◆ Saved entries
::::::

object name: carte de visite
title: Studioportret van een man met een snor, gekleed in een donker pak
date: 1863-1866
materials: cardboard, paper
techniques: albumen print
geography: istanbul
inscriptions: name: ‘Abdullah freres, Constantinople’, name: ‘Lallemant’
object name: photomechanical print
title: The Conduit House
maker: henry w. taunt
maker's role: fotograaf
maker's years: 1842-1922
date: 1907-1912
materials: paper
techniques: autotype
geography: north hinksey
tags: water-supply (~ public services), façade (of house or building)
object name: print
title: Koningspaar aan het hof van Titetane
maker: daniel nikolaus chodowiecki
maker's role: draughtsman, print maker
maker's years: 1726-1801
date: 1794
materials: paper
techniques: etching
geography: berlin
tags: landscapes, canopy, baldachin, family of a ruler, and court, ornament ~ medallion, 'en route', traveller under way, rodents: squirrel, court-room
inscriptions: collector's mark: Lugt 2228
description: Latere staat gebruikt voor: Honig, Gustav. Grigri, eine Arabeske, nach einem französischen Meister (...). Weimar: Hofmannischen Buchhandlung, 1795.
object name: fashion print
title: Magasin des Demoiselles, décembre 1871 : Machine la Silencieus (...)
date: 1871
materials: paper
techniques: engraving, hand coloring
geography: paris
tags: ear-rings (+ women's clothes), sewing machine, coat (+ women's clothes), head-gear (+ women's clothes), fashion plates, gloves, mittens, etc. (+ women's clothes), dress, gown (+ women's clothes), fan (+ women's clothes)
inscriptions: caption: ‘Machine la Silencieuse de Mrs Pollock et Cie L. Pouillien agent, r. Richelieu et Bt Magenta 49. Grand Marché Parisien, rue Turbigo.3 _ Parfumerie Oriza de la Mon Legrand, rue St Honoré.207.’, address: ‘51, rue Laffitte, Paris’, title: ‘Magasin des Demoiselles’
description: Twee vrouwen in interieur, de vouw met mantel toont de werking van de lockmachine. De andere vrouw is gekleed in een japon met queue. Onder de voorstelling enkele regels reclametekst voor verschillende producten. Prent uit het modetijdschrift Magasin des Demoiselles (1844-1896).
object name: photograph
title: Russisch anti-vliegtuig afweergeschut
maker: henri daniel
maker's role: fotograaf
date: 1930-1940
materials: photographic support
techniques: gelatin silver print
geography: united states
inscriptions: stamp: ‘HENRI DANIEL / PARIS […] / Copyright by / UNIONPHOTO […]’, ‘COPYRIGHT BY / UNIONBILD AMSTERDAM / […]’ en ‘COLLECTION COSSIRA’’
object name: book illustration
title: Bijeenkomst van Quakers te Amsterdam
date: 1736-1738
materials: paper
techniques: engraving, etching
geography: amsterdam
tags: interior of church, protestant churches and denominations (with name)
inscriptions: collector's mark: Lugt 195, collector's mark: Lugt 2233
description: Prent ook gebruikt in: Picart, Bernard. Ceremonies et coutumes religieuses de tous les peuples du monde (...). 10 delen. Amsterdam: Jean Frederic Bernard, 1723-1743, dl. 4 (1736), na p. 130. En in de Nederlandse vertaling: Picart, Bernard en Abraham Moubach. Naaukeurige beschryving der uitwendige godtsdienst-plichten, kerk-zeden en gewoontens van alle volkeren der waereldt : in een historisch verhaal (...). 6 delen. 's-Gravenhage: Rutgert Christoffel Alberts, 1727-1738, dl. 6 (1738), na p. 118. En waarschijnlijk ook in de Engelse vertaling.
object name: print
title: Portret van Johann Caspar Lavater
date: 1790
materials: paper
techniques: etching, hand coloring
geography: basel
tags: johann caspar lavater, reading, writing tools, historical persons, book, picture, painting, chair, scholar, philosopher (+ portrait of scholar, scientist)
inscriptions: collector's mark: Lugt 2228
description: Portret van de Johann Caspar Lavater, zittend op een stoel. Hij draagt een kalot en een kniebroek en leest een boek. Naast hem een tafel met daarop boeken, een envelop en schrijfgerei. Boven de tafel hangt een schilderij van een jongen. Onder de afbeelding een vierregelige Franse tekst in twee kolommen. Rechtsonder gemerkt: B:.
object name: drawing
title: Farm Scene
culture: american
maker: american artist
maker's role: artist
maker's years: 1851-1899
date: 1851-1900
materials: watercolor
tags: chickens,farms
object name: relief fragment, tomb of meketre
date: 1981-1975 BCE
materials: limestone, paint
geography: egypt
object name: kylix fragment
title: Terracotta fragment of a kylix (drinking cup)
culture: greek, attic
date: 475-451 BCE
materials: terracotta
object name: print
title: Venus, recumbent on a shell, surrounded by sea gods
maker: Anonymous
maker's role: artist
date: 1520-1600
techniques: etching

::::::

◆ EXERCISE REQUIREMENTS
Write out every entry word for word.

◆ REPLY TO THE TASK
object name: carte de visite
title: Studioportret van een man met een snor, gekleed in een donker pak
date: 1863-1866
materials: cardboard, paper
techniques: albumen print
geography: istanbul
inscriptions: name: ‘Abdullah freres, Constantinople’, name: ‘Lallemant’
object name: photomechanical print
title: The Conduit House
maker: henry w. taunt
maker's role: fotograaf
maker's years: 1842-1922
date: 1907-1912
materials: paper
techniques: autotype
geography: north hinksey
tags: water-supply (~ public services), façade (of house or building)
object name: print
title: Koningspaar aan het hof van Titetane
maker: daniel nikolaus chodowiecki
maker's role: draughtsman, print maker
maker's years: 1726-1801
date: 1794
materials: paper
techniques: etching
geography: berlin
tags: landscapes, canopy, baldachin, family of a ruler, and court, ornament ~ medallion, 'en route', traveller under way, rodents: squirrel, court-room
inscriptions: collector's mark: Lugt 2228
description: Latere staat gebruikt voor: Honig, Gustav. Grigri, eine Arabeske, nach einem französischen Meister (...). Weimar: Hofmannischen Buchhandlung, 1795.
object name: fashion print
title: Magasin des Demoiselles, décembre 1871 : Machine la Silencieus (...)
date: 1871
materials: paper
techniques: engraving, hand coloring
geography: paris
tags: ear-rings (+ women's clothes), sewing machine, coat (+ women's clothes), head-gear (+ women's clothes), fashion plates, gloves, mittens, etc. (+ women's clothes), dress, gown (+ women's clothes), fan (+ women's clothes)
inscriptions: caption: ‘Machine la Silencieuse de Mrs Pollock et Cie L. Pouillien agent, r. Richelieu et Bt Magenta 49. Grand Marché Parisien, rue Turbigo.3 _ Parfumerie Oriza de la Mon Legrand, rue St Honoré.207.’, address: ‘51, rue Laffitte, Paris’, title: ‘Magasin des Demoiselles’
description: Twee vrouwen in interieur, de vouw met mantel toont de werking van de lockmachine. De andere vrouw is gekleed in een japon met queue. Onder de voorstelling enkele regels reclametekst voor verschillende producten. Prent uit het modetijdschrift Magasin des Demoiselles (1844-1896).
object name: photograph
title: Russisch anti-vliegtuig afweergeschut
maker: henri daniel
maker's role: fotograaf
date: 1930-1940
materials: photographic support
techniques: gelatin silver print
geography: united states
inscriptions: stamp: ‘HENRI DANIEL / PARIS […] / Copyright by / UNIONPHOTO […]’, ‘COPYRIGHT BY / UNIONBILD AMSTERDAM / […]’ en ‘COLLECTION COSSIRA’’
object name: book illustration
title: Bijeenkomst van Quakers te Amsterdam
date: 1736-1738
materials: paper
techniques: engraving, etching
geography: amsterdam
tags: interior of church, protestant churches and denominations (with name)
inscriptions: collector's mark: Lugt 195, collector's mark: Lugt 2233
description: Prent ook gebruikt in: Picart, Bernard. Ceremonies et coutumes religieuses de tous les peuples du monde (...). 10 delen. Amsterdam: Jean Frederic Bernard, 1723-1743, dl. 4 (1736), na p. 130. En in de Nederlandse vertaling: Picart, Bernard en Abraham Moubach. Naaukeurige beschryving der uitwendige godtsdienst-plichten, kerk-zeden en gewoontens van alle volkeren der waereldt : in een historisch verhaal (...). 6 delen. 's-Gravenhage: Rutgert Christoffel Alberts, 1727-1738, dl. 6 (1738), na p. 118. En waarschijnlijk ook in de Engelse vertaling.
object name: print
title: Portret van Johann Caspar Lavater
date: 1790
materials: paper
techniques: etching, hand coloring
geography: basel
tags: johann caspar lavater, reading, writing tools, historical persons, book, picture, painting, chair, scholar, philosopher (+ portrait of scholar, scientist)
inscriptions: collector's mark: Lugt 2228
description: Portret van de Johann Caspar Lavater, zittend op een stoel. Hij draagt een kalot en een kniebroek en leest een boek. Naast hem een tafel met daarop boeken, een envelop en schrijfgerei. Boven de tafel hangt een schilderij van een jongen. Onder de afbeelding een vierregelige Franse tekst in twee kolommen. Rechtsonder gemerkt: B:.
object name: drawing
title: Farm Scene
culture: american
maker: american artist
maker's role: artist
maker's years: 1851-1899
date: 1851-1900
materials: watercolor
tags: chickens,farms
object name: relief fragment, tomb of meketre
date: 1981-1975 BCE
materials: limestone, paint
geography: egypt
object name: kylix fragment
title: Terracotta fragment of a kylix (drinking cup)
culture: greek, attic
date: 475-451 BCE
materials: terracotta
object name: print
title: Venus, recumbent on a shell, surrounded by sea gods
maker: Anonymous
maker's role: artist
date: 1520-1600
techniques: etching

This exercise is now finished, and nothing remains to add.